-- Given records follows --
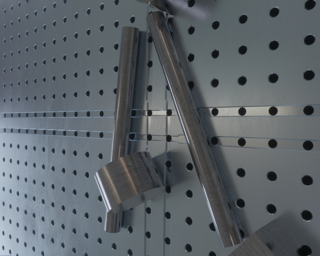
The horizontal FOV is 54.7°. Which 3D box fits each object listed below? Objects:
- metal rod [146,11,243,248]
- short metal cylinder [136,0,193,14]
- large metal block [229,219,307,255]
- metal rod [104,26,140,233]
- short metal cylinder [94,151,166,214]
[{"bbox_3d":[0.037,-0.010,0.378,0.025,0.025,0.299,-28,73,36],"label":"metal rod"},{"bbox_3d":[0.005,-0.191,0.389,0.080,0.050,0.079,0,90,40],"label":"short metal cylinder"},{"bbox_3d":[0.106,0.153,0.306,0.080,0.050,0.080,50,119,28],"label":"large metal block"},{"bbox_3d":[-0.056,0.006,0.455,0.025,0.025,0.298,10,96,39],"label":"metal rod"},{"bbox_3d":[-0.039,0.072,0.406,0.080,0.081,0.050,-39,66,33],"label":"short metal cylinder"}]
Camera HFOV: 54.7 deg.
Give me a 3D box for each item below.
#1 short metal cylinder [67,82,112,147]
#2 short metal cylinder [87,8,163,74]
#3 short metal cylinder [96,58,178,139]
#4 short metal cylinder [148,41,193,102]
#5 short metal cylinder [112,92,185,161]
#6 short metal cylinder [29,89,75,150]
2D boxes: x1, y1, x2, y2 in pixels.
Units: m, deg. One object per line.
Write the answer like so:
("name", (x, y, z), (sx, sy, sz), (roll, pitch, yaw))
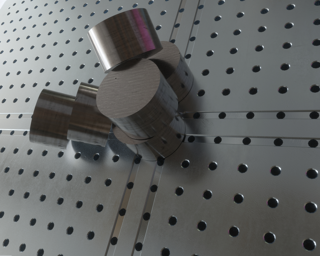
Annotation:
-- Given records concluded --
_Exercise goal_
The data above must be copied exactly. Leave out the pictures.

_Problem solution_
The horizontal FOV is 54.7°. Which 3D box fits each object listed below? Objects:
- metal rod [146,11,243,248]
- short metal cylinder [136,0,193,14]
- large metal block [229,219,307,255]
- metal rod [104,26,140,233]
- short metal cylinder [94,151,166,214]
[{"bbox_3d":[0.037,-0.010,0.378,0.025,0.025,0.299,-28,73,36],"label":"metal rod"},{"bbox_3d":[0.005,-0.191,0.389,0.080,0.050,0.079,0,90,40],"label":"short metal cylinder"},{"bbox_3d":[0.106,0.153,0.306,0.080,0.050,0.080,50,119,28],"label":"large metal block"},{"bbox_3d":[-0.056,0.006,0.455,0.025,0.025,0.298,10,96,39],"label":"metal rod"},{"bbox_3d":[-0.039,0.072,0.406,0.080,0.081,0.050,-39,66,33],"label":"short metal cylinder"}]
Camera HFOV: 54.7 deg.
Give me a 3D box for each item below.
#1 short metal cylinder [67,82,112,147]
#2 short metal cylinder [87,8,163,74]
#3 short metal cylinder [96,58,178,139]
#4 short metal cylinder [148,41,193,102]
#5 short metal cylinder [112,92,185,161]
#6 short metal cylinder [29,89,75,150]
2D boxes: x1, y1, x2, y2 in pixels.
Units: m, deg. One object per line.
Write the answer like so:
("name", (x, y, z), (sx, sy, sz), (roll, pitch, yaw))
Annotation:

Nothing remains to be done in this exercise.